An answer may likewise be refused, because, though we pray, we do not use the other means which God hath appointed for obtaining the blessing. Thus, when the Israelites were disheartened at the perilous situation in which they were placed, when pursued by Pharoah and his host, and refused to march forward, Moses offered up an earnest prayer to God in their behalf. And what answer did he receive? The Lord said unto him, Wherefore criest thou unto me? Speak unto the children of Israel, that they go forward. And then he ordered him to lift up his rod, and stretch it over the sea, and divide it, that they might go through the midst thereof on dry ground.

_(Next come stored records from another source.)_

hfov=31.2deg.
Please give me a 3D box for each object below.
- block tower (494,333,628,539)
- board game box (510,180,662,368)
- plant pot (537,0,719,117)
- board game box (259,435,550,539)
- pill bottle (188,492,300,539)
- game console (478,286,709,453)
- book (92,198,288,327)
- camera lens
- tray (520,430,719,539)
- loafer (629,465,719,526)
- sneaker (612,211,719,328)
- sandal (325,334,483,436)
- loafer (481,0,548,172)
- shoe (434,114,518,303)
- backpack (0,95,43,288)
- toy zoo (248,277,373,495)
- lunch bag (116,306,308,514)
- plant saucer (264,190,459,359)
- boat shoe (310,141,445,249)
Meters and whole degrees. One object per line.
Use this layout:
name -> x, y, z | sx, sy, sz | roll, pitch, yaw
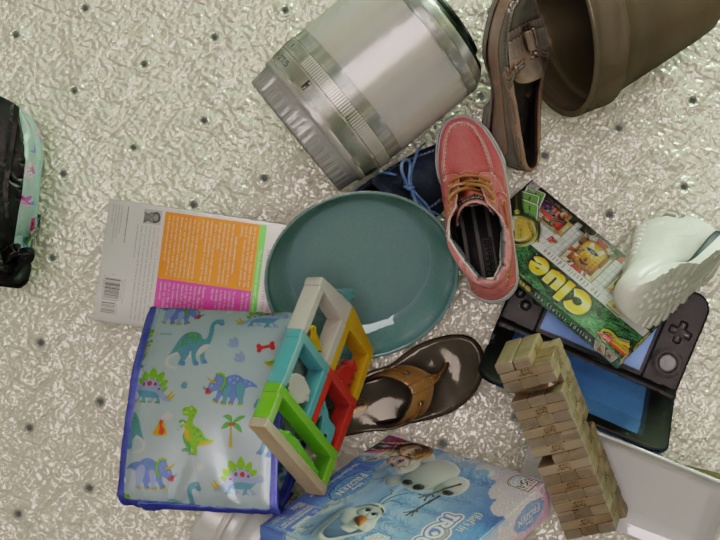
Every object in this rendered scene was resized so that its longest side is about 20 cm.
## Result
block tower -> 0.192, 0.160, 1.217 | 0.054, 0.058, 0.200 | -18, 106, 26
board game box -> 0.217, 0.001, 1.314 | 0.200, 0.023, 0.105 | 41, 63, 16
plant pot -> 0.263, -0.273, 1.301 | 0.173, 0.200, 0.200 | -17, 84, -13
board game box -> 0.044, 0.238, 1.228 | 0.199, 0.200, 0.043 | 12, 118, 38
pill bottle -> -0.069, 0.290, 1.311 | 0.200, 0.111, 0.111 | 28, 89, 6
game console -> 0.240, 0.067, 1.299 | 0.200, 0.118, 0.171 | 23, 88, 5
book -> -0.178, 0.003, 1.375 | 0.200, 0.048, 0.134 | 9, 90, 6
camera lens -> 0.010, -0.199, 1.316 | 0.200, 0.160, 0.160 | -40, 84, 1
tray -> 0.258, 0.207, 1.259 | 0.200, 0.022, 0.107 | 21, 126, 19
loafer -> 0.285, 0.221, 1.309 | 0.200, 0.067, 0.076 | 3, 86, 5
sneaker -> 0.292, -0.006, 1.276 | 0.080, 0.200, 0.076 | 37, 124, 22
sandal -> 0.035, 0.125, 1.339 | 0.200, 0.055, 0.082 | -15, 91, 3
loafer -> 0.165, -0.192, 1.299 | 0.072, 0.200, 0.063 | -27, 45, -30
shoe -> 0.114, -0.070, 1.270 | 0.071, 0.091, 0.200 | -12, 75, 7
backpack -> -0.412, -0.089, 1.360 | 0.167, 0.127, 0.200 | 8, 85, -6
toy zoo -> -0.039, 0.100, 1.257 | 0.020, 0.131, 0.200 | 0, 52, 30
lunch bag -> -0.141, 0.147, 1.286 | 0.170, 0.127, 0.200 | 0, 56, 15
plant saucer -> 0.000, 0.000, 1.326 | 0.200, 0.036, 0.200 | -3, 120, -6
boat shoe -> 0.035, -0.066, 1.349 | 0.200, 0.069, 0.084 | -38, 84, 1
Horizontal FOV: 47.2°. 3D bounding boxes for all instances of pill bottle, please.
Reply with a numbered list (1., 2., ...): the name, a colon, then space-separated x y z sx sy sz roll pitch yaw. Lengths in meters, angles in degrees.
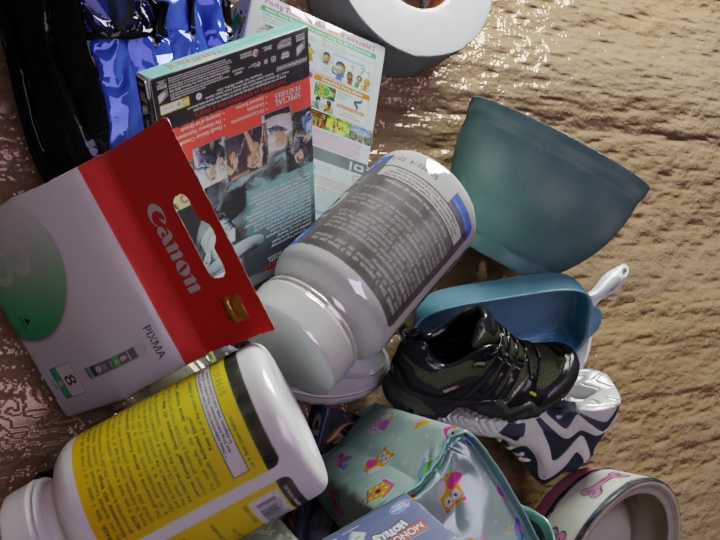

Thus, in like manner, Hezekiah, when sick, prayed unto God, and was assured that his

prayers for the restoration of his health were heard. But in what manner were they answered ? It was by directing him to a proper remedy, and by the blessing of God in the use of it. So likewise, with respect to spiritual and heavenly blessings. Do we pray for the Spirit of God to begin, or to carry on the work of sanctification in our hearts? We must avoid that kind of reading, and those places of resort, whose direct and immediate tendency is to

inflame the corrupt passions of our nature, and to indispose the mind for things that are spiritual and heavenly. “ The children of the pure and holy God,” says a pious writer, “ should feed on the bread of their Father's house, and not on the husks of the prodigal. They should delight themselves in God, and in the place where his honour dwelleth. They should read and meditate on his holy word, be faithful in self-examination, and exercise themselves daily in keeping their consciences void of offence towards God and towards man."

There are other qualifications necessary to the acceptance of our prayers; such as, praying in faith, praying in the Spirit, and praying in the name of Christ. But, that I may not again make too large a demand upon your attention, I shall defer the consideration of what remains of the subject till it please God, if it seem good in his sight, to favour us with another opportunity of addressing you on this most interesting, and most important of all subjects. Meanwhile may the Lord follow with his blessing what has now been said, and incline your hearts to seek him while he

may be found, and to call upon him while he is near. Consider what I say, and the Lord give you understanding in all things, and to his name be the praise and glory. AMEN.

SERMON VIII.

ON THE NATURE OF ACCEPTABLE PRAYER.

JOB, XXI. 15.

And what profit should we have if we pray unto

Him?

Such is the language in which Job represents the profane libertines of his day, as expressing their contempt of religion, and of those who reminded them of its sacred duties. In replying to the question in the text, on a former occasion, it was proposed,

I. To advert to some objections that have been urged against the duty of prayer.

II. To explain the nature of acceptable prayer.

III. To point out some of the most important advantages attending it.

Having finished the first head of discourse, I entered on the consideration of the second To shew the nature of acceptable prayer, or what things are necessary in the person praying, in order to obtain his requests.-We mentioned,

1. That his prayers must be the desires of his heart.